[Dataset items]

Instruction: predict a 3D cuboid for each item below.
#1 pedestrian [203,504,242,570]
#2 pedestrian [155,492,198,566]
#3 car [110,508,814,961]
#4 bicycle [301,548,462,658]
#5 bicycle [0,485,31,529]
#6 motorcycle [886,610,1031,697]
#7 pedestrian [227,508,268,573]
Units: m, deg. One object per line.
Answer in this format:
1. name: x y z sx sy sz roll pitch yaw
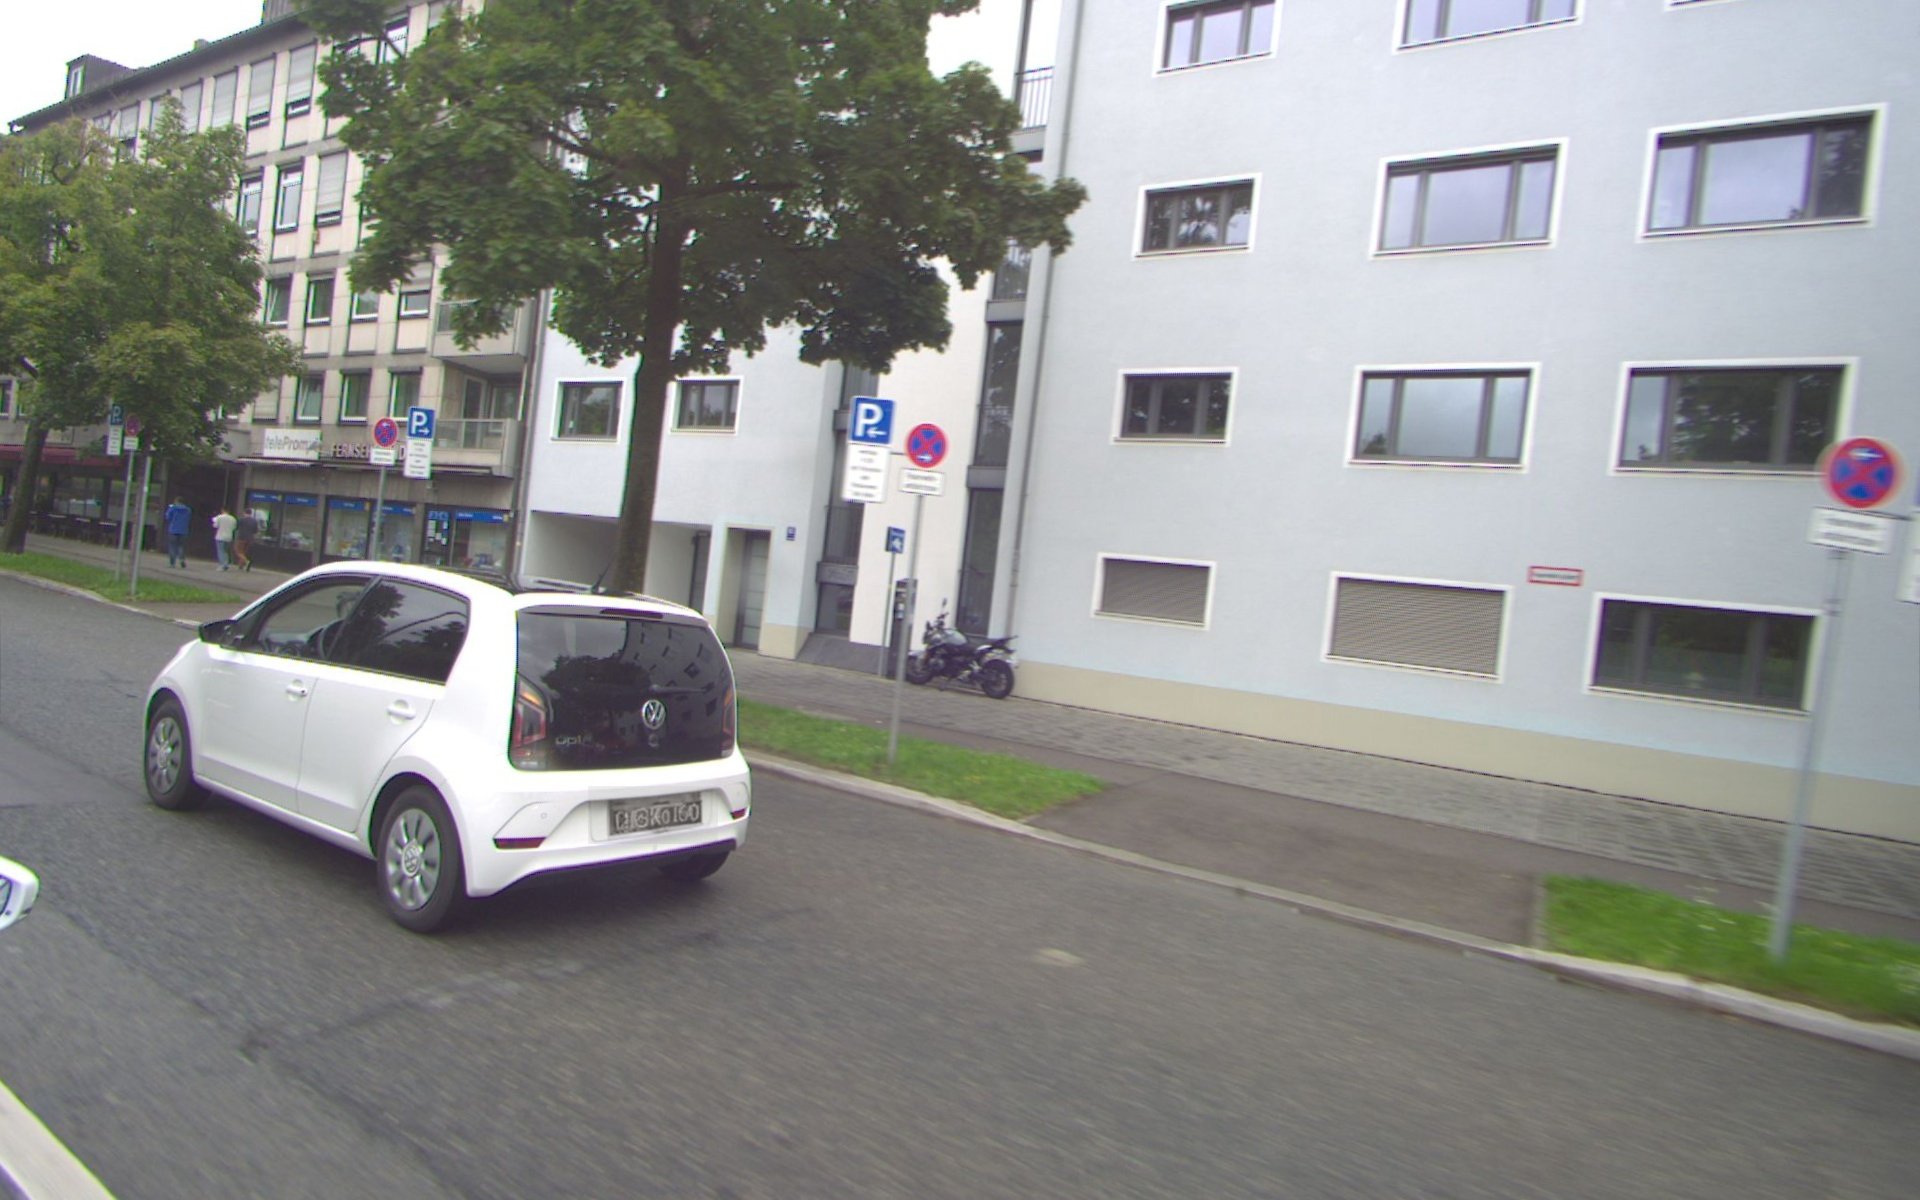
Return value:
1. pedestrian: -19.377 -1.646 26.436 0.630 1.651 0.549 7 2 31
2. pedestrian: -19.896 -1.801 25.551 0.720 1.755 0.500 7 1 32
3. car: -2.699 0.495 5.335 3.378 1.507 1.689 7 -1 32
4. bicycle: -8.130 0.037 14.133 2.108 1.271 0.456 7 1 13
5. bicycle: -35.349 -3.469 37.481 1.660 1.482 0.580 7 1 32
6. motorcycle: -0.044 0.846 16.218 2.163 1.099 0.762 7 1 32
7. pedestrian: -19.231 -1.611 27.153 0.712 1.661 0.542 7 1 31
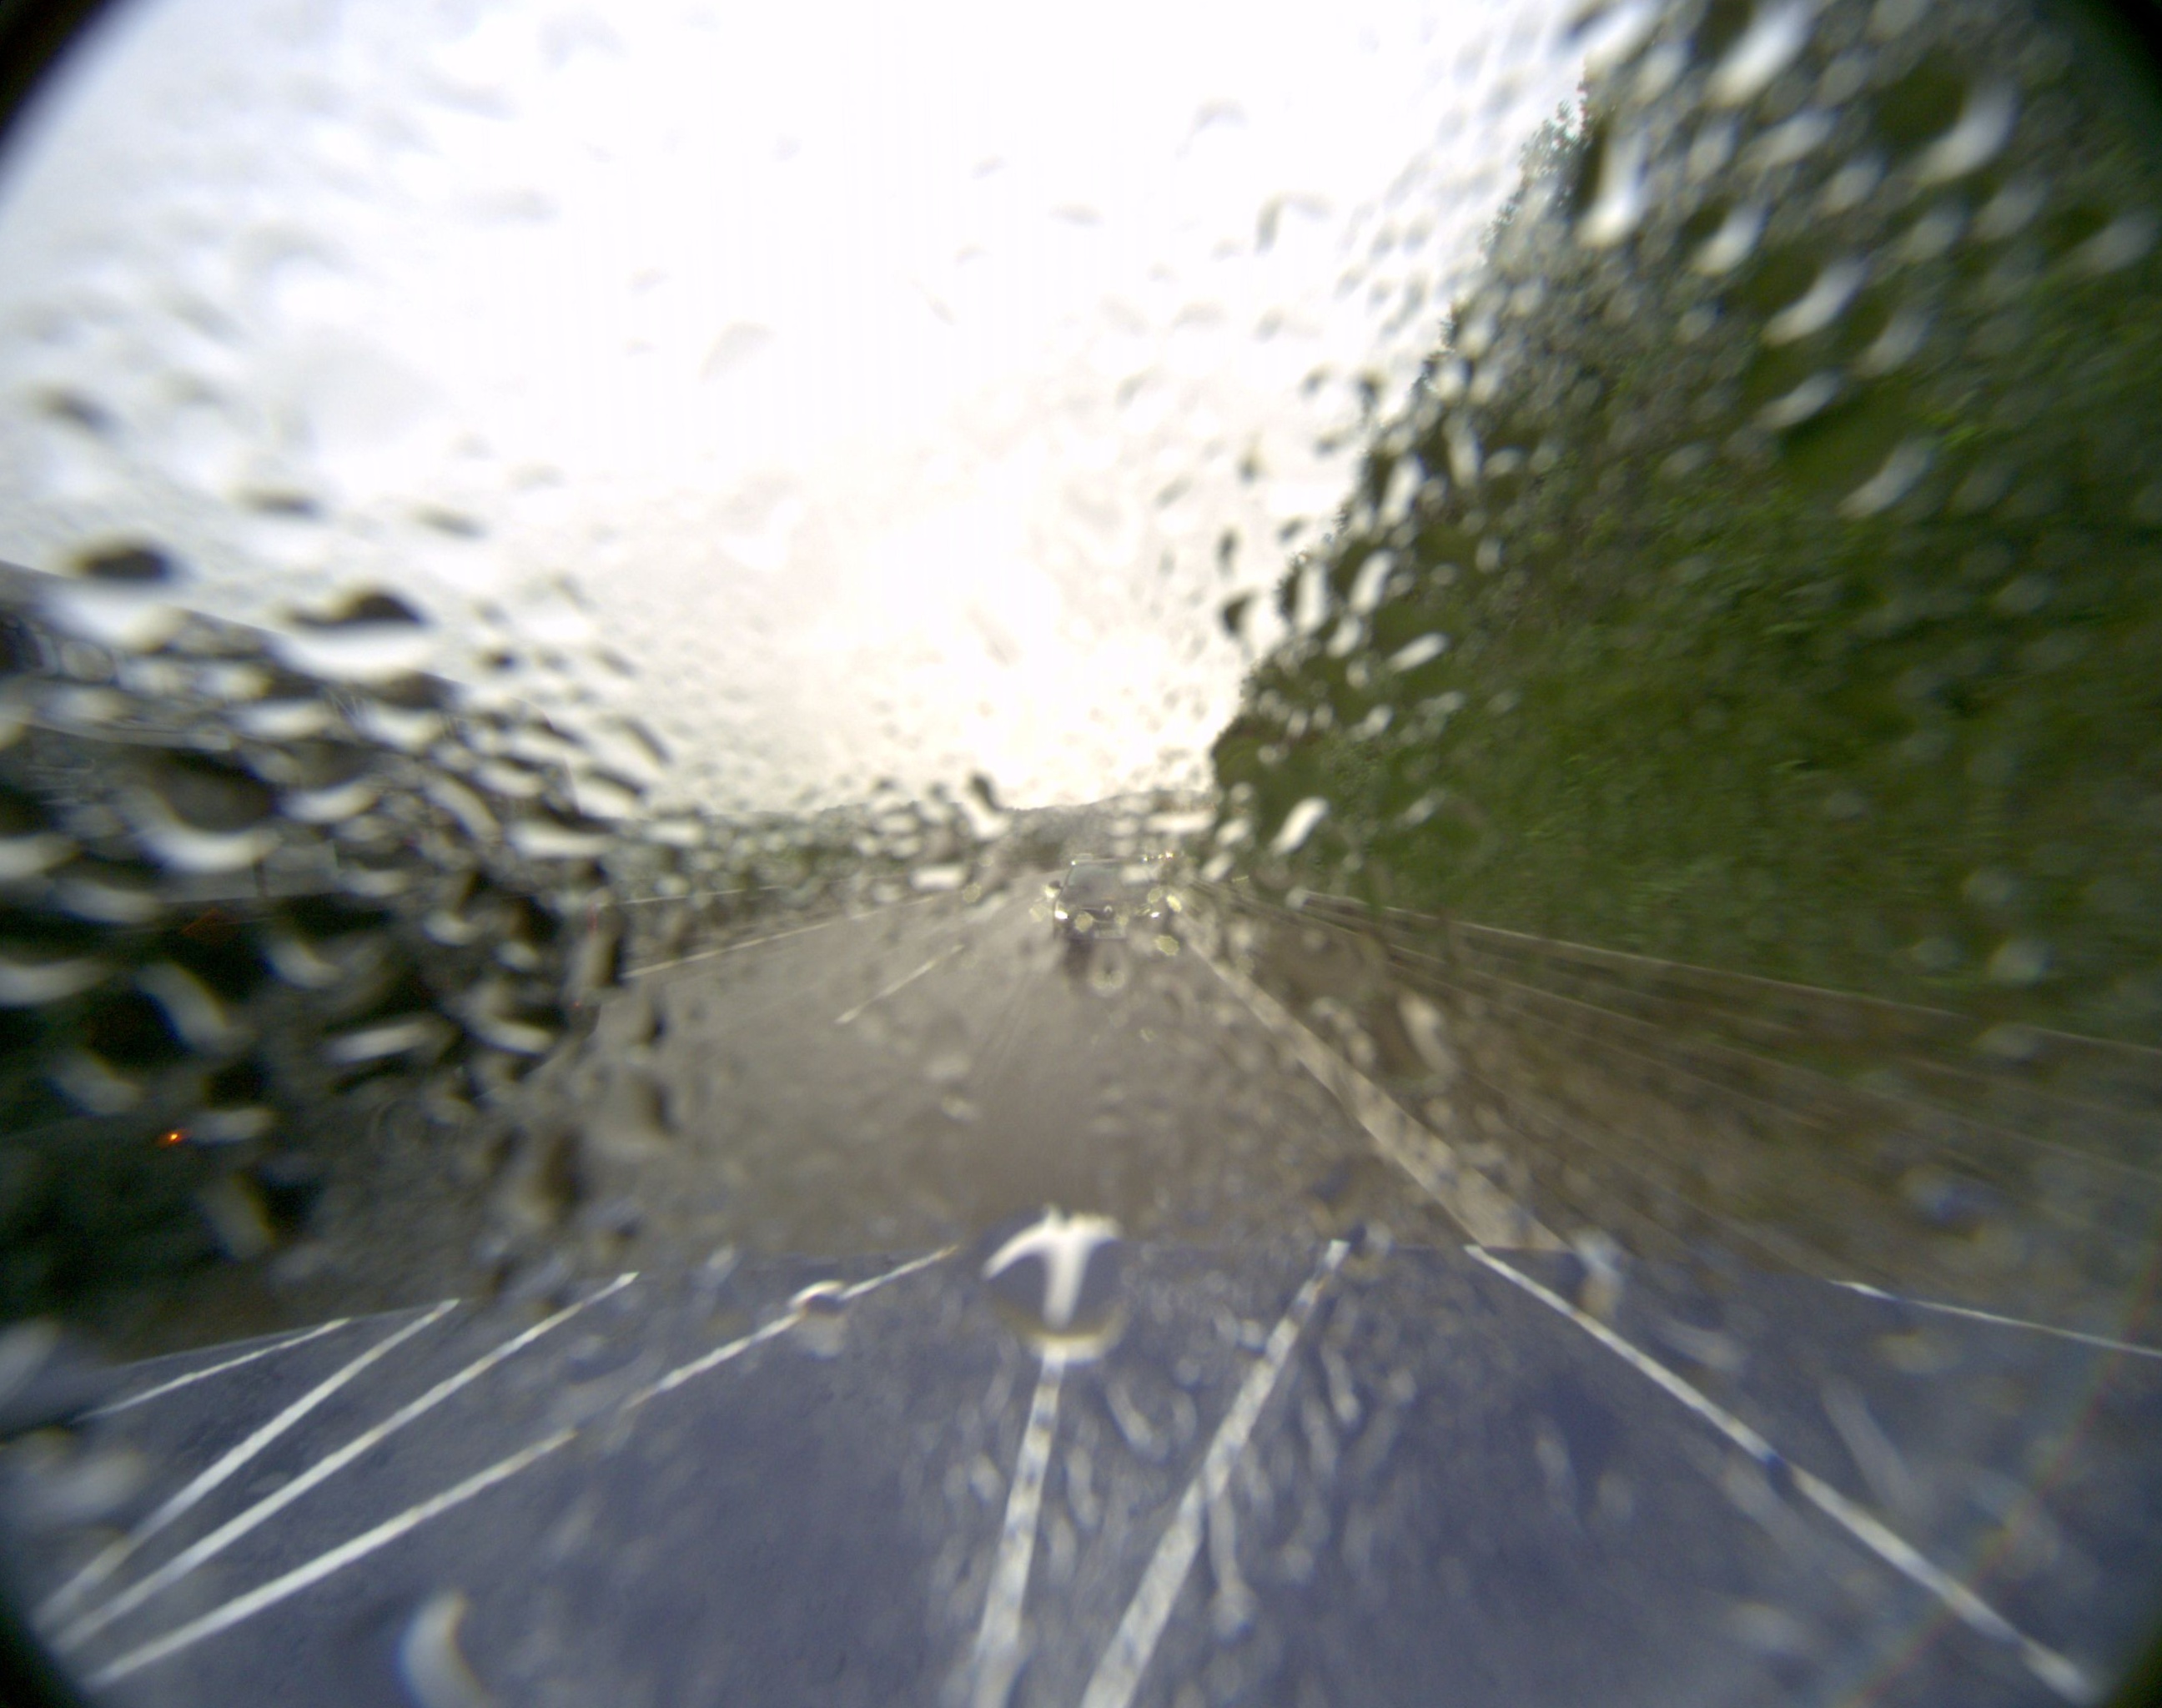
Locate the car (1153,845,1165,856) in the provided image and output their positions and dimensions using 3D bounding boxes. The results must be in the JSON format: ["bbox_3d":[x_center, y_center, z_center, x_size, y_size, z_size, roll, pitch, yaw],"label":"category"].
[{"bbox_3d":[11.298,-0.560,109.548,1.657,1.535,3.665,-2,1,6],"label":"car"}]

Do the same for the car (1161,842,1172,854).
[{"bbox_3d":[13.979,-0.980,124.076,1.591,1.895,3.754,-2,1,3],"label":"car"}]

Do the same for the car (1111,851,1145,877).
[{"bbox_3d":[2.671,0.525,42.641,1.712,1.316,3.946,-2,0,5],"label":"car"}]

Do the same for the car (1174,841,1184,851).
[{"bbox_3d":[20.464,-1.769,158.319,1.908,2.002,4.001,-2,1,7],"label":"car"}]

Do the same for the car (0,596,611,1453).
[{"bbox_3d":[-4.148,0.513,1.587,1.998,2.480,6.704,-1,0,1],"label":"car"}]

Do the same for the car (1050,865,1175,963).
[{"bbox_3d":[0.544,0.926,13.399,1.839,1.316,4.135,-2,1,2],"label":"car"}]

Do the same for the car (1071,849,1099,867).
[{"bbox_3d":[0.398,0.311,67.658,1.989,1.407,4.566,-2,0,7],"label":"car"}]

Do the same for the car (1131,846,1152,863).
[{"bbox_3d":[5.710,0.033,71.724,1.906,1.545,4.565,-2,0,5],"label":"car"}]

**INSTRUCTIONS TO FOLLOW:** Above are records; repeat only the lines starting at the line with "#7 pedestrian [227,508,268,573]" and ending at the line with "1. name: x y z sx sy sz roll pitch yaw", exactly as they appear, both included.

**SOLUTION:**
#7 pedestrian [227,508,268,573]
Units: m, deg. One object per line.
Answer in this format:
1. name: x y z sx sy sz roll pitch yaw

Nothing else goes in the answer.